In a nation awash with firearms, confiscating Daddy’s Sig Sauer before Junior teaches impudent classmates a thing or two has become a necessary addition to the K-12 curriculum. Teachers once concerned with English, math or science are now tasked with intercepting disaffected wannabe gunslingers before they shoot up the joint.

Scores of guns are seized each year in South Florida schools; hundreds in the state, thousands in America. Broward schools kicked off this semester with the discovery of a loaded, 9 mm Glock in the backpack of a 15-year-old knucklehead at Coconut Creek High School.

Welcome back to school, children. This is not a drill.

South Florida Sun Sentinel columnist Fred Grimm. (Rolando Otero, South Florida Sun Sentinel)

Rolando Otero / Sun Sentinel

South Florida Sun Sentinel columnist Fred Grimm. (Rolando Otero, South Florida Sun Sentinel)

The phenomenon is not limited to high schoolers. Elementary school kids are packing heat. Two years ago, a 10-year-old brought a pistol to Walker Elementary School in Fort Lauderdale. (Last year, teachers in Corpus Christi, Texas discovered a loaded pistol in the backpack of a 4-year-old student.)

Earlier this month, the Washington Post attempted to quantify gun seizures in American schools by reviewing media reports. The Post counted 1,150 newspaper and TV accounts of guns seized in kindergarten-through-12th grade schools last year. That comes to six firearms each day.

But the Post cautioned that those 1,150 media-documented instances were considerably fewer than the actual number, given that many school districts don’t report gun incidents unless they erupt in violence. Even if schools faithfully reported ordinary seizures, local media might consider a firearm found in a kid’s backpack too commonplace to be newsworthy. Unless the child starts shooting.

But the Post was able to obtain enough data from 47 major large school districts to conclude that student gun seizures have risen a startling 79% over the last five years. “In many communities, the number of guns found has more than doubled, a trend that mirrors a precipitous rise in school shootings,” the Post reported.

Here’s another frightening finding. About 4% of high school students surveyed by the National Center for Educational Statistics admit they had carried a weapon to school at least once in the previous month.

Florida data on gun seizures is limited, but last year, the Naples Daily News reported that Florida school officials had collected 1,151 weapons — both guns and knives — from students in the 2020-21 school year, up from 983 the previous year.

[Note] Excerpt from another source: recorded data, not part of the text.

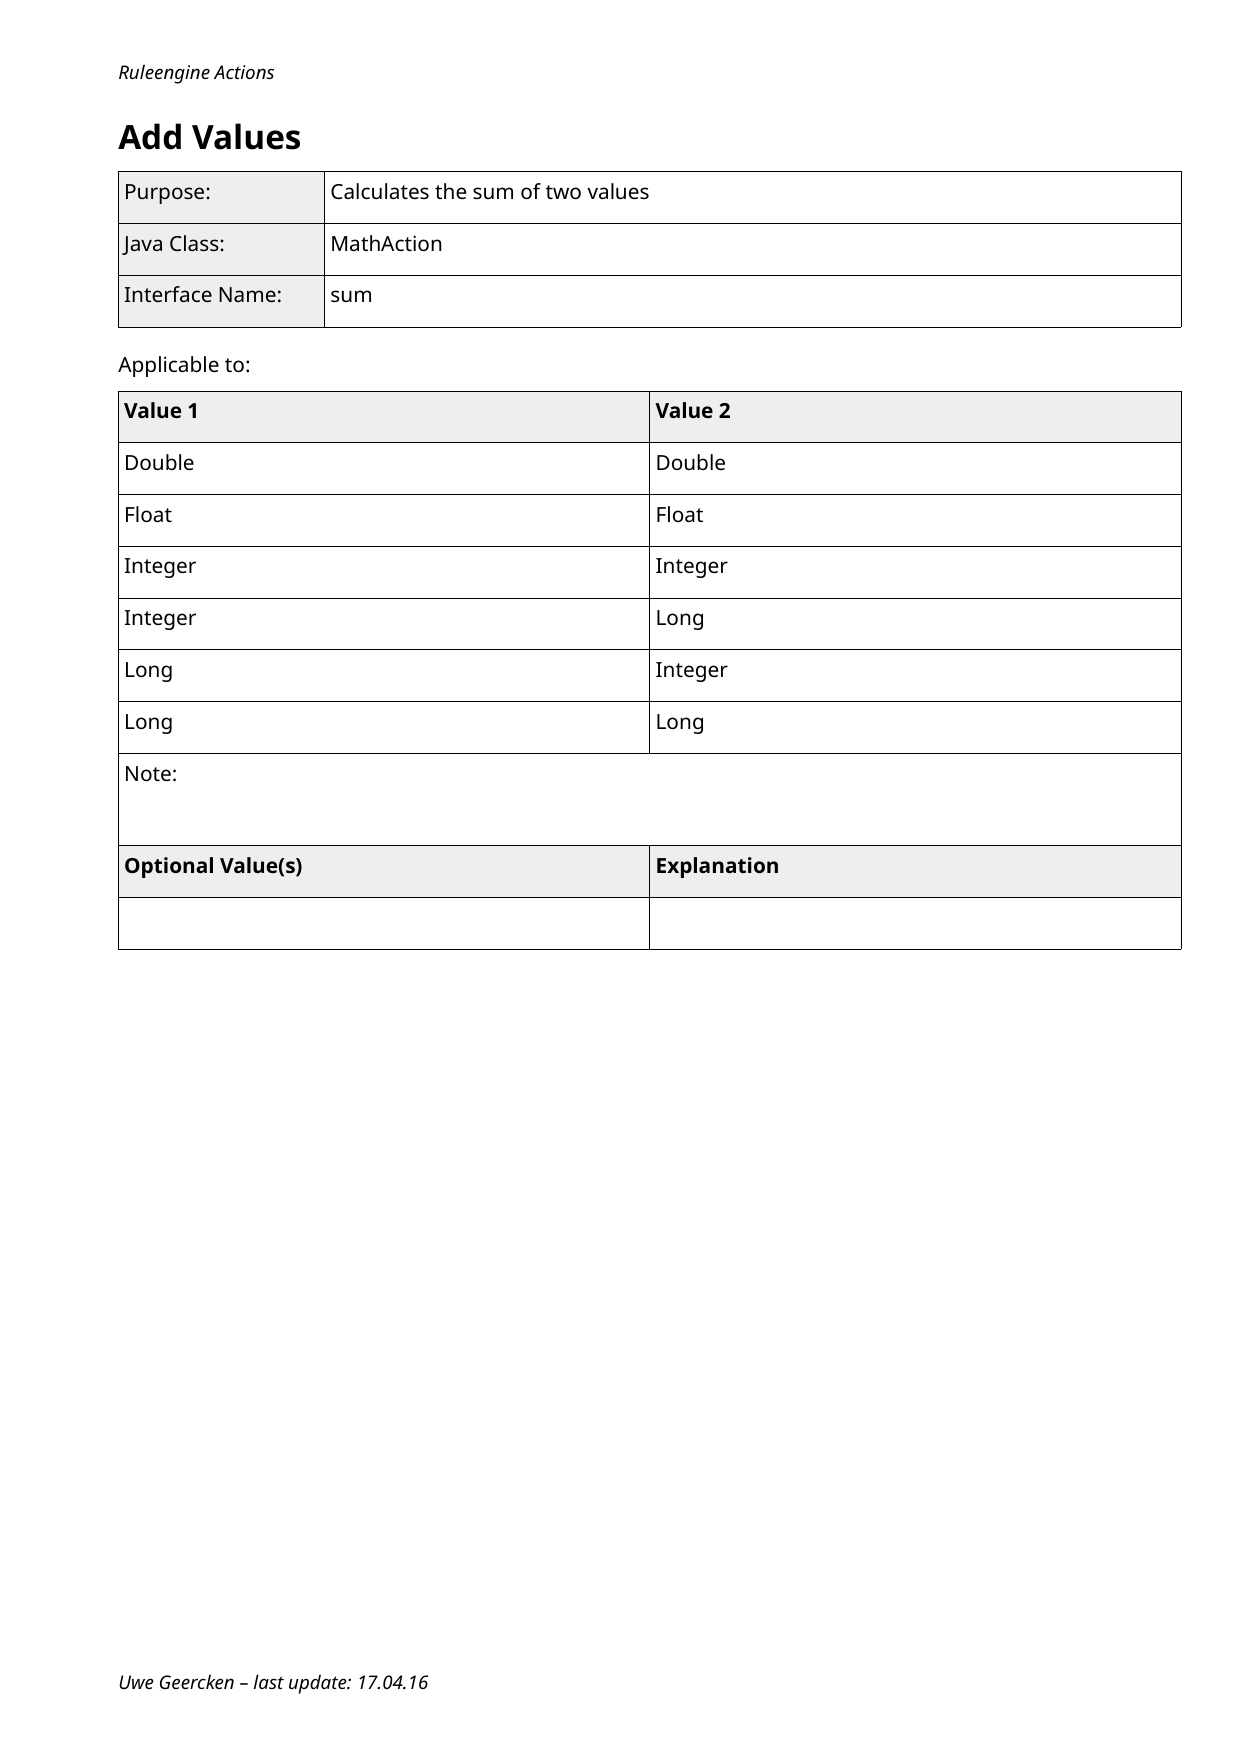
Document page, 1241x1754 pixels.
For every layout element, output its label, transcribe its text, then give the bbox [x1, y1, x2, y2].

table_header Value 2 [650, 392, 1181, 442]
table_cell Float [650, 495, 1181, 546]
table_cell Integer [119, 599, 649, 649]
table_cell Optional Value(s) [119, 846, 649, 897]
table_cell Explanation [650, 846, 1181, 897]
table_cell MathAction [325, 224, 1181, 275]
table_cell Java Class: [119, 224, 324, 275]
table_cell Long [119, 702, 649, 753]
table_header Value 1 [119, 392, 649, 442]
table_cell Integer [119, 547, 649, 598]
table_header Calculates the sum of two values [325, 172, 1181, 223]
table_cell [119, 898, 649, 948]
text Applicable to: [118, 350, 1181, 379]
text Add Values [118, 114, 1181, 159]
table_cell Integer [650, 547, 1181, 598]
table_cell Note: [119, 754, 1181, 845]
table_cell Long [119, 650, 649, 701]
table_cell Double [119, 443, 649, 494]
table_cell Long [650, 599, 1181, 649]
table_cell Interface Name: [119, 276, 324, 327]
table_cell Long [650, 702, 1181, 753]
table_cell Integer [650, 650, 1181, 701]
table_cell Double [650, 443, 1181, 494]
table_cell Float [119, 495, 649, 546]
table_cell [650, 898, 1181, 948]
table_cell sum [325, 276, 1181, 327]
table_header Purpose: [119, 172, 324, 223]
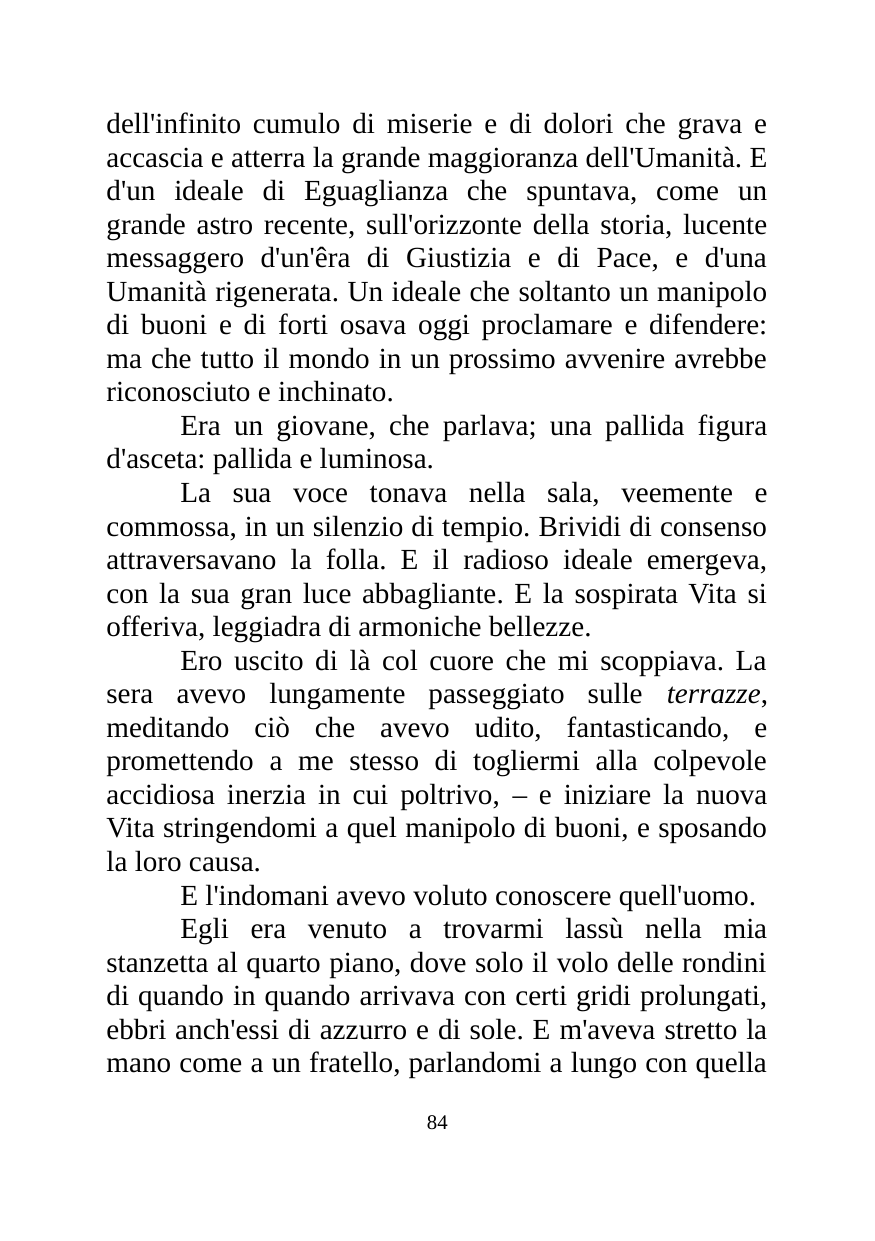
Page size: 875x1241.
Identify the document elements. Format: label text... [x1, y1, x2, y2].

text Egli era venuto a trovarmi lassù nella mia stanzetta al quarto piano, dove solo il volo delle rondini di quando in quando arrivava con certi gridi prolungati, ebbri anch'essi di azzurro e di sole. E m'aveva stretto la mano come a un fratello, parlandomi a lungo con quella [106, 911, 768, 1079]
text La sua voce tonava nella sala, veemente e commossa, in un silenzio di tempio. Brividi di consenso attraversavano la folla. E il radioso ideale emergeva, con la sua gran luce abbagliante. E la sospirata Vita si offeriva, leggiadra di armoniche bellezze. [106, 475, 768, 643]
text dell'infinito cumulo di miserie e di dolori che grava e accascia e atterra la grande maggioranza dell'Umanità. E d'un ideale di Eguaglianza che spuntava, come un grande astro recente, sull'orizzonte della storia, lucente messaggero d'un'êra di Giustizia e di Pace, e d'una Umanità rigenerata. Un ideale che soltanto un manipolo di buoni e di forti osava oggi proclamare e difendere: ma che tutto il mondo in un prossimo avvenire avrebbe riconosciuto e inchinato. [106, 106, 768, 408]
text Era un giovane, che parlava; una pallida figura d'asceta: pallida e luminosa. [106, 408, 768, 475]
text Ero uscito di là col cuore che mi scoppiava. La sera avevo lungamente passeggiato sulle terrazze, meditando ciò che avevo udito, fantasticando, e promettendo a me stesso di togliermi alla colpevole accidiosa inerzia in cui poltrivo, – e iniziare la nuova Vita stringendomi a quel manipolo di buoni, e sposando la loro causa. [106, 643, 768, 878]
text E l'indomani avevo voluto conoscere quell'uomo. [106, 878, 768, 911]

In the 2007-2008 school year, the most recent report I could locate from Broward County schools, school officials commandeered 503 weapons (up from 315 the previous school year).

None of this is all that surprising. In a nation with more firearms than people (estimates range from 350 million to 400 million), it’s statistically inevitable that guns show up in alarming settings — schools, colleges, churches, bars. Last year, the TSA intercepted 134 pistols while scanning passengers at Fort Lauderdale/Hollywood International Airport.

School confiscations jibe with another statistical horror spawned by American’s cowboy gun culture. (An admittedly unfair label, given that sensible civic leaders of Wild West towns like Tombstone, Dodge City, Abilene and Deadwood required visitors to stow their firearms at the sheriff’s office, according to Smithsonian Magazine.)

Researchers with Boston Children’s Hospital published a study in the journal Pediatrics on Oct. 5 that found gun-related deaths among children had surged by 87% between 2011 to 2021. In 2021, 2,590 children died from gunshot wounds, compared to 1,311 in 2011, making firearms the leading cause of juvenile fatalities in America.

Nationwide, one in 47 school-age children — 1.1 million students — attended a school where at least one gun was found and reported on by the media in the 2022-2023 school year. Again, the actual number of kids sharing the schoolhouse with armed classmates would be much, much higher.

Presumably, most kids caught smuggling guns into classrooms were not bent on homicide. Maybe they wanted to impress their buddies or intimidate bullies. Maybe, like their adult counterparts, firearms lent them a sense of empowerment.

But innocent intent is no sure bet in America. Education Week has counted 33 school shootings that resulted in injuries or deaths so far this year, after 51 in 2022, 35 in 2021 and 10 in 2020. It’s a gruesome trend.

If drugs were killing these children, we’d be hellbent to punish the dealers. But for child-on-child gun killings, we’d need to lock-up thousands of negligent parents, the real culprits responsible for this crisis. Researchers with the Journal of Urban Health estimated that 4.6 million American kids live in households where guns are loaded and accessible to children.

Which explains why so many American kids come to class locked and loaded.